Netta Syrett’s Afterlife: From London to Hollywood
Abstract
Although the words above, spoken by the actor Katharine Hepburn in A Woman Rebels, were the creation of two male screenwriters – Anthony Veiller (1903-1965), an American, and Ernest Vajda (1886-1954), a Hungarian emigré to America – the source text for this 1936 film was a 1929 novel by a British woman writer. That the novel in question, Portrait of a Rebel, proved popular and successful enough on both sides of the Atlantic to be of interest to RKO Radio Pictures, a Hollywood studio, seems astonishing now. Its author, Netta Syrett, was a member neither of the current generation nor even of the Edwardian or Georgian ones immediately preceding it, for she had been born in 1865 – thus, in the middle of the previous century – and was nearing the end of a long career. Her literary fame had been achieved first in The Yellow Book with her short story ‘Thy Heart’s Desire’ for the July 1894 issue (Volume II), followed by further contributions in October 1895 (Volume VII) and January 1897 (Volume XII). She had, nonetheless, remained both relevant and appealing to a wide swathe of the reading public. Just how she accomplished what so many of her contemporaries did not can only be a matter for speculation.
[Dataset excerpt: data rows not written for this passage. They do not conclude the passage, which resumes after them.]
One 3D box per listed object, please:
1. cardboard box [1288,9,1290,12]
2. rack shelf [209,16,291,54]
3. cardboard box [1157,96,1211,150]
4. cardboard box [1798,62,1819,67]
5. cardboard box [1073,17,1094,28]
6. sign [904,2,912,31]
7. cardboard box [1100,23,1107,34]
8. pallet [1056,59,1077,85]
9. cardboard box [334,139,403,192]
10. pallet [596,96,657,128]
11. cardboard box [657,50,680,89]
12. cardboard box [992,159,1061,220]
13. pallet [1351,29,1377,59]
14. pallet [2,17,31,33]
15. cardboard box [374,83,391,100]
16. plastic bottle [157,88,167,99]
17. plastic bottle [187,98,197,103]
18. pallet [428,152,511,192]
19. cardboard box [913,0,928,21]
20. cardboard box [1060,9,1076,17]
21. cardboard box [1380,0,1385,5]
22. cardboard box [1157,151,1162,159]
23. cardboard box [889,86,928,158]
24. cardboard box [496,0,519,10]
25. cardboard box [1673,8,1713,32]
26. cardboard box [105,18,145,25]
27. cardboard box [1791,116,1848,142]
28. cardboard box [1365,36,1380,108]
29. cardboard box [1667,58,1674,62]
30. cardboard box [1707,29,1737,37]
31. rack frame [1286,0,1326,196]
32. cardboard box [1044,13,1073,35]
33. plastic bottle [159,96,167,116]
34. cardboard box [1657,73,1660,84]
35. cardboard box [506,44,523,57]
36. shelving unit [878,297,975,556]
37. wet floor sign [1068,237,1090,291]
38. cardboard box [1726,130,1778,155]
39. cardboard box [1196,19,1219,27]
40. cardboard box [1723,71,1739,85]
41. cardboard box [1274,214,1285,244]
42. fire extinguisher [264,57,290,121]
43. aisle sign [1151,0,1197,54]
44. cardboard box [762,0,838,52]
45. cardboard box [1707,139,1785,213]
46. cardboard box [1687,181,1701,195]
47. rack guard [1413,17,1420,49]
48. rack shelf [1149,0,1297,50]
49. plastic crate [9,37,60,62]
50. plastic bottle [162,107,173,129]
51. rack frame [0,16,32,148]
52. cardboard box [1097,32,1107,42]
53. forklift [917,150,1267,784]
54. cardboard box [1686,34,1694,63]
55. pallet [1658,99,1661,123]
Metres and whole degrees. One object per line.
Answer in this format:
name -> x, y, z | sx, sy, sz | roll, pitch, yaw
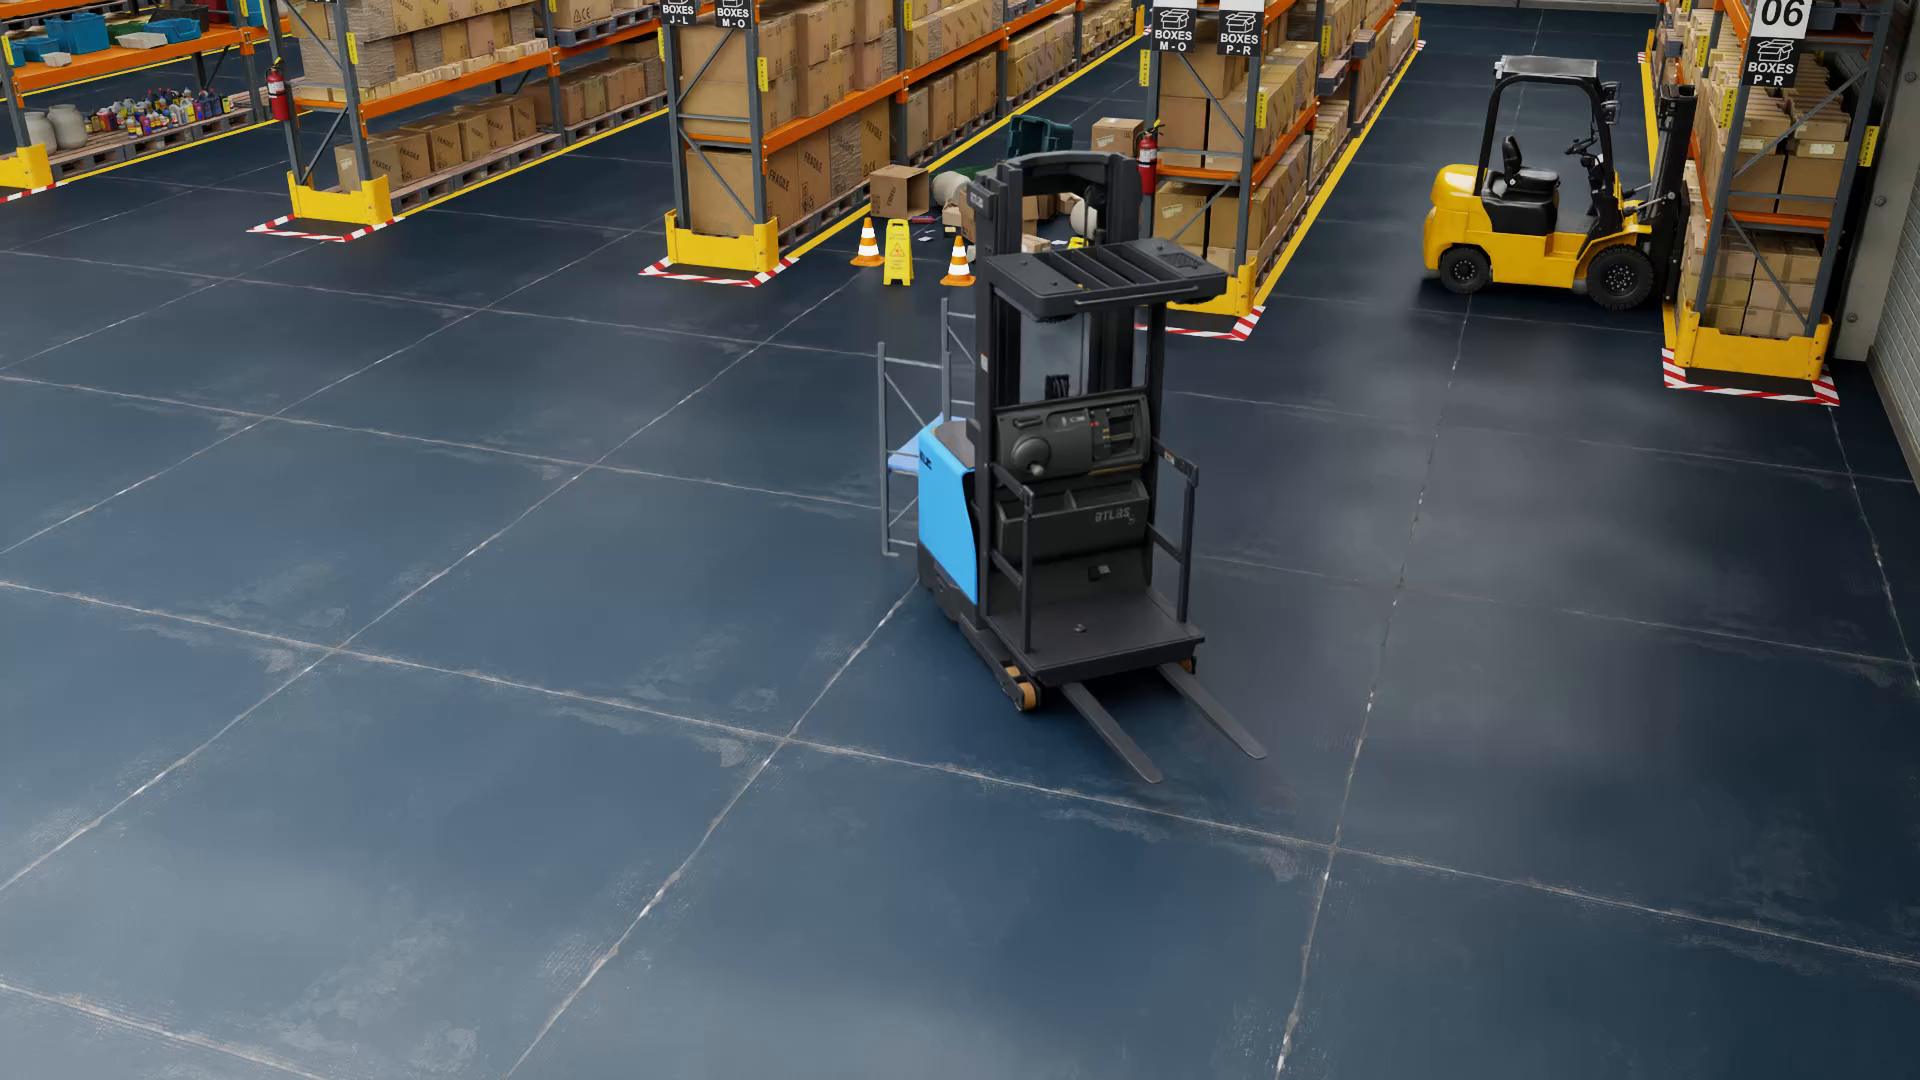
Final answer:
cardboard box -> 3.493, -5.832, 19.139 | 0.500, 0.500, 0.500 | 8, 27, 16
rack shelf -> -9.795, -7.894, 25.162 | 1.077, 0.370, 4.000 | 9, 27, 17
cardboard box -> 2.145, -4.039, 15.917 | 0.500, 0.500, 0.500 | 8, 27, 17
cardboard box -> 8.218, -4.611, 16.354 | 0.380, 0.149, 0.250 | 8, 27, 17
cardboard box -> 2.076, -8.816, 28.347 | 0.380, 0.149, 0.250 | 8, 27, 16
sign -> -0.622, -6.263, 19.882 | 0.100, 0.325, 0.005 | 9, 27, 17
cardboard box -> 2.335, -8.884, 28.829 | 0.380, 0.149, 0.250 | 9, 27, 17
pallet -> 1.258, -7.630, 26.989 | 1.003, 0.211, 1.213 | 9, 27, 17
cardboard box -> -6.897, -4.352, 19.407 | 0.500, 0.500, 0.500 | 14, 29, 27
pallet -> -5.128, -6.246, 24.132 | 1.003, 0.211, 1.213 | 9, 27, 17
cardboard box -> -4.663, -7.117, 25.093 | 0.700, 0.500, 0.500 | 7, 27, 15
cardboard box -> 0.725, -4.009, 19.021 | 0.797, 0.637, 0.503 | 9, 27, 17
pallet -> 4.750, -6.490, 21.656 | 1.213, 0.211, 1.003 | 9, 27, 17
pallet -> -18.138, -9.535, 30.924 | 1.003, 0.211, 1.213 | 9, 27, 17
cardboard box -> -6.700, -5.104, 18.861 | 0.380, 0.149, 0.250 | 9, 27, 17
plastic bottle -> -11.120, -6.131, 23.228 | 0.144, 0.351, 0.185 | 10, 27, 19
plastic bottle -> -10.615, -5.994, 23.032 | 0.152, 0.276, 0.135 | 9, 27, 17
pallet -> -6.384, -4.639, 20.812 | 1.003, 0.211, 1.213 | 9, 27, 17
cardboard box -> -0.817, -6.829, 20.873 | 0.700, 0.500, 0.500 | 8, 27, 17
cardboard box -> 1.940, -9.195, 29.130 | 0.380, 0.149, 0.250 | 9, 27, 18
cardboard box -> 5.820, -7.836, 23.815 | 0.500, 0.250, 0.500 | 9, 27, 18
cardboard box -> 2.127, -3.789, 16.145 | 0.380, 0.149, 0.250 | 8, 27, 17
cardboard box -> -1.025, -5.362, 21.205 | 1.050, 0.750, 0.750 | 9, 27, 17
cardboard box -> -5.845, -6.876, 20.630 | 0.500, 0.500, 0.500 | 9, 27, 17
cardboard box -> 9.614, -6.768, 21.701 | 0.500, 0.250, 0.500 | 7, 27, 15
cardboard box -> -13.908, -8.498, 27.613 | 0.500, 0.311, 0.500 | 8, 27, 17
cardboard box -> 7.219, -3.457, 13.971 | 0.380, 0.149, 0.250 | 8, 27, 16
cardboard box -> 5.495, -6.755, 23.940 | 0.875, 0.875, 0.875 | 9, 27, 18
cardboard box -> 10.529, -7.057, 24.250 | 0.380, 0.149, 0.250 | 10, 28, 20
cardboard box -> 8.770, -5.762, 19.074 | 0.380, 0.149, 0.250 | 9, 27, 17
rack frame -> 3.555, -5.241, 18.856 | 1.000, 3.000, 0.127 | 9, 27, 17
cardboard box -> 1.507, -8.264, 26.625 | 0.500, 0.250, 0.500 | 8, 27, 16
plastic bottle -> -11.055, -6.018, 23.086 | 0.097, 0.271, 0.097 | 0, 26, 0
cardboard box -> 10.808, -6.988, 25.253 | 0.380, 0.149, 0.250 | 8, 27, 16
cardboard box -> -5.816, -6.239, 21.205 | 0.380, 0.149, 0.250 | 9, 27, 17
shelving unit -> -0.093, -0.749, 11.300 | 0.538, 1.500, 1.048 | 10, 28, 21
wet floor sign -> 1.152, -2.615, 16.133 | 0.267, 0.644, 0.232 | 20, 32, 35
cardboard box -> 6.757, -3.399, 14.192 | 0.380, 0.149, 0.250 | 9, 27, 18
cardboard box -> 2.437, -4.899, 16.546 | 0.700, 0.500, 0.500 | 8, 27, 17
cardboard box -> 7.498, -4.365, 15.846 | 0.380, 0.149, 0.250 | 9, 27, 17
cardboard box -> 3.100, -3.275, 17.468 | 0.500, 0.250, 0.500 | 11, 28, 21
fire extinguisher -> -7.594, -5.019, 18.487 | 0.296, 0.674, 0.183 | 9, 27, 17
aisle sign -> 1.930, -4.784, 14.929 | 0.394, 0.787, 0.004 | 9, 27, 17
cardboard box -> -1.853, -5.660, 18.311 | 0.875, 0.550, 0.500 | 9, 27, 17
cardboard box -> 6.822, -3.164, 14.452 | 0.500, 0.500, 0.500 | 8, 27, 16
cardboard box -> 7.446, -3.356, 16.489 | 0.500, 0.250, 0.500 | 10, 27, 19
rack guard -> 7.557, -9.057, 29.606 | 1.175, 0.500, 0.348 | 9, 27, 17
rack shelf -> 2.890, -5.445, 16.662 | 1.077, 0.370, 4.000 | 9, 27, 17
plastic crate -> -11.686, -6.201, 21.009 | 0.499, 0.251, 0.408 | 9, 27, 17
plastic bottle -> -10.680, -5.688, 22.405 | 0.097, 0.271, 0.097 | 0, 26, 0
rack frame -> -11.792, -5.753, 19.913 | 1.000, 3.000, 0.127 | 9, 27, 17
cardboard box -> 2.334, -8.753, 28.899 | 0.380, 0.149, 0.250 | 8, 27, 16
forklift -> 0.731, -0.552, 9.251 | 1.130, 2.935, 3.031 | -10, 27, -19
cardboard box -> 8.831, -5.759, 19.524 | 0.500, 0.250, 0.500 | 8, 27, 16
pallet -> 10.664, -6.215, 24.069 | 1.003, 0.211, 1.213 | 9, 27, 17

One possibility, however, was through her close attention to expressions of taste communicated via the medium of reviews, as these became more readily available to authors at the turn of the twentieth century thanks to the rise of professional press-cutting services, to which she herself was a subscriber, as evidenced by the collection of materials sent to her by Romeike and Curtice.